3 m read

Tests passed. Why is checkout broken again?

Your team keeps reopening checkout bugs even after the visible tests go green.

After one coupon bug comes back two days after release, you give the repair system the issue text, the failing checkout trace, and the files near that trace. It writes patch candidates, runs compile and the repo’s visible tests, and sorts the fixes by what turns the dashboard green.

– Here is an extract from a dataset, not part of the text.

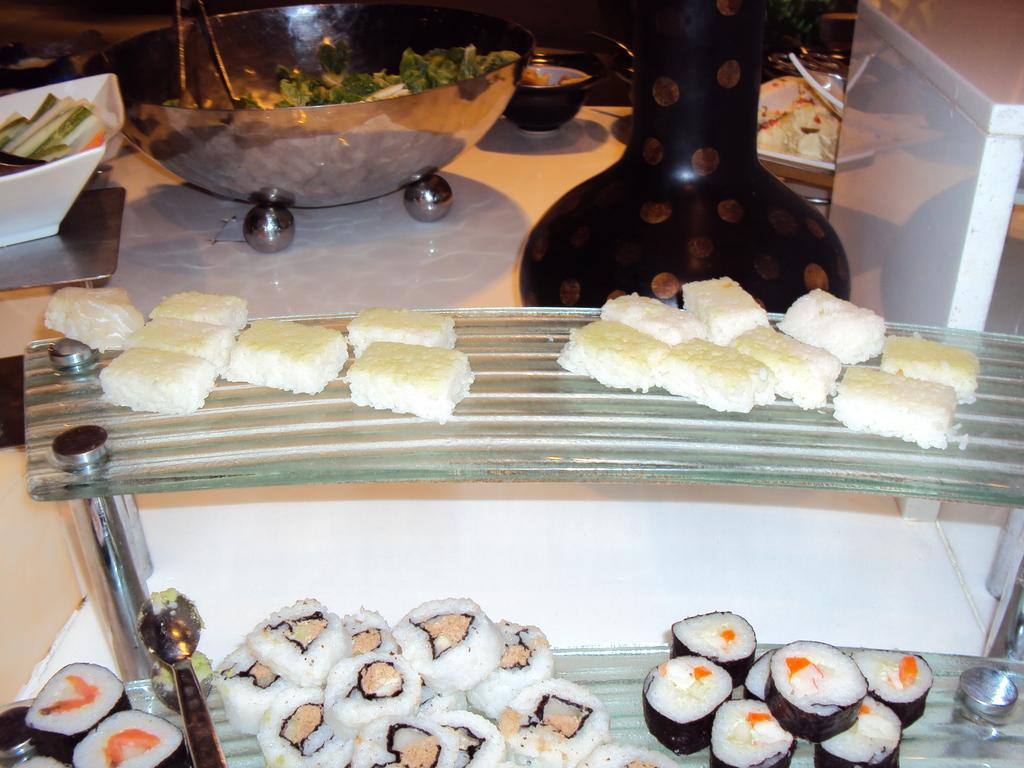What can be found in the racks in the image? There are food places in the racks. What piece of furniture is present in the image? There is a table in the image. What items are on the table? There are food bowls and a vase on the table. How many pages are in the cookbook on the table? There is no cookbook present on the table in the image. What type of loss is depicted in the image? There is no depiction of loss in the image; it features food places, a table, food bowls, and a vase}. 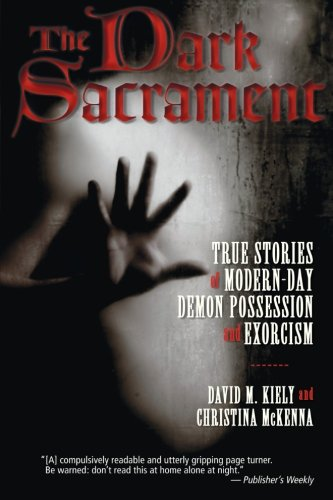Can you tell if this book uses any specific case studies or personal narratives? The subtitle 'True Stories of Modern-Day Demon Possession and Exorcism' suggests that the book includes various real-life case studies or narratives to explore its central themes. Are there any notable cases mentioned in the book that became famous or widely discussed? While specific cases cannot be confirmed without content examination, such books often highlight particularly dramatic or well-documented incidents to underline the reality and severity of such occurrences.

That setup feels sane because the patch stays close to the failing code path, and the review screen is clean. But the system can’t see the customer session that support saw, and it can’t see the stronger checks you wish you had. It only sees the tests already in the repo.

The review screen

This is the kind of thing you end up reviewing:

“Rank 1: patch-17. Failing test fixed. All visible checks pass. Ready for review.”

{
  "issue": "Coupon applies in cart but drops at final payment",
  "candidate": "patch-17",
  "files": ["checkout/discounts.py", "tests/test_coupon_submit.py"],
  "compile": "pass",
  "visible_tests": "128/128",
  "rank": 1
}

If you’re busy, that looks like proof. What the system didn’t do:

  1. It didn’t lock the exact broken path from the ticket and failing trace before scoring patches. The customer bug lives on the last payment handoff, not just in cart math.
  2. It didn’t run nearby checks on that same path, like the same coupon with a card retry, a page refresh, or a different payment method.
  3. It didn’t try fake fixes on that same path: tiny changes you already know should not fix the coupon handoff, just to see whether wrong edits also keep the tests green.
  4. It didn’t check the payment boundary with other probes against a known-good build, so a pass could still mean weak checks or a bad test setup.

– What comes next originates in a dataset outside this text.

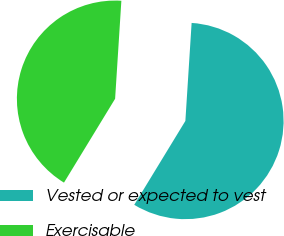Convert chart. <chart><loc_0><loc_0><loc_500><loc_500><pie_chart><fcel>Vested or expected to vest<fcel>Exercisable<nl><fcel>57.7%<fcel>42.3%<nl></chart>

One shopper enters SAVE20, clicks pay, and still gets charged full price.

The patch pile

That one miss turns into a ranking problem fast.

A green build starts to look like one big score, but it is really mixed together from two things: whether the patch is right, and whether your visible checks ever pressed on the exact broken path.

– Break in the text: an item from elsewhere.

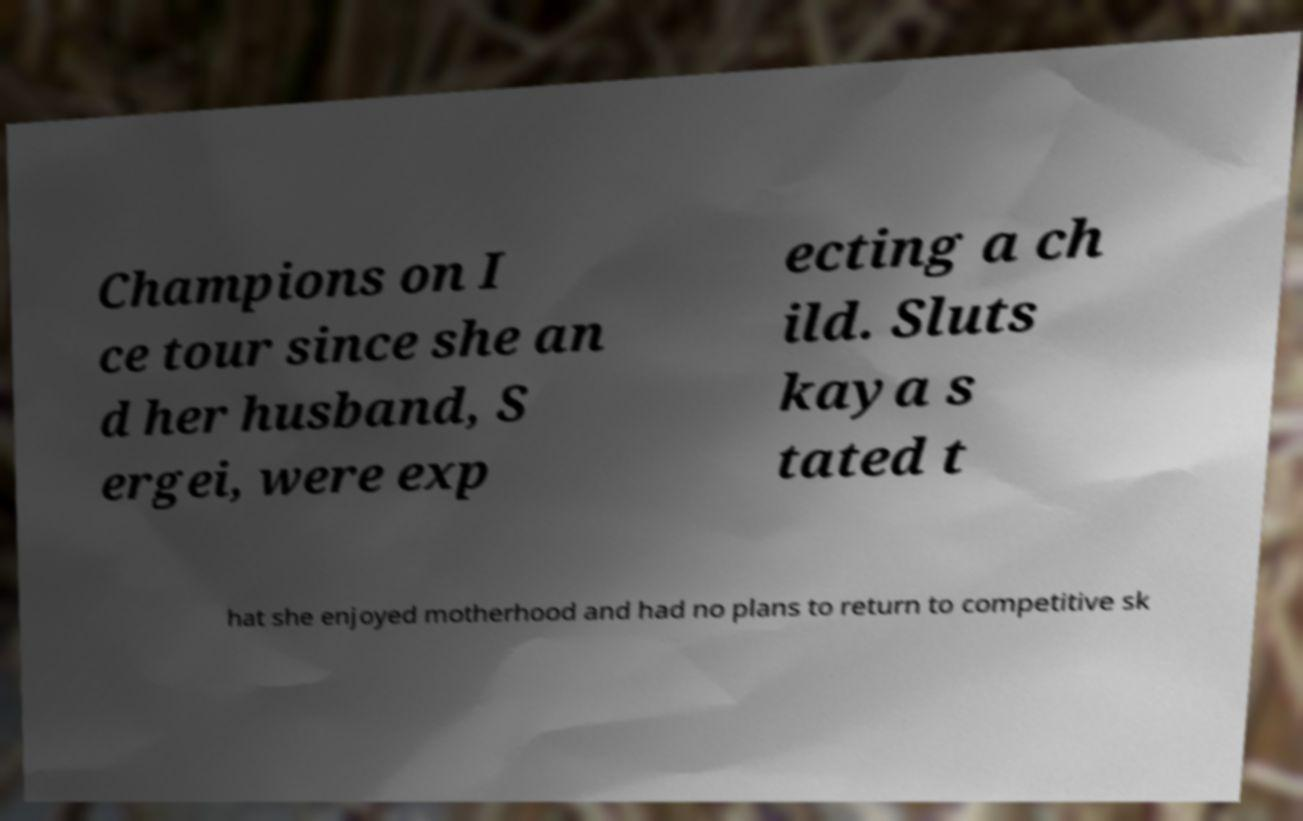Can you accurately transcribe the text from the provided image for me? Champions on I ce tour since she an d her husband, S ergei, were exp ecting a ch ild. Sluts kaya s tated t hat she enjoyed motherhood and had no plans to return to competitive sk

When teams add two local warnings on that path—how often known non-fixes still pass, and how often same-path probes fail—they stop treating all green patches as equal.

Visible-pass patch group Wrong-change pass rate Same-path probe miss rate True fix rate
Local warning stays low < 0.10 < 0.10 > 80%
Local warning stays high > 0.50 > 0.30 < 25%

On repos the system has not seen before, ranking green patches with those local checks beats raw visible-pass ranking by at least 10 points for picking the truly right fix first, but only when the checks were picked from the ticket and failing trace before any patch got scored.

The pressure test

A green patch matters only when wrong patches fail on the exact customer path.

That pushes against the habit of accepting repo fixes mainly because they compile, pass visible tests, or look like a believable diff.

Without local wrong-change checks, same-path probes, and a sense of how noisy those signals are, visible-pass repo repair is still guessing with better manners.

In measurement work, this is called confounding bridge proxy: a middle score looks useful because one local check is weak, not because that score means truth everywhere.

In repository repair, the green dashboard can point to the right patch for the wrong reason, which means your ranking story is only as good as the pressure you put on the exact broken path.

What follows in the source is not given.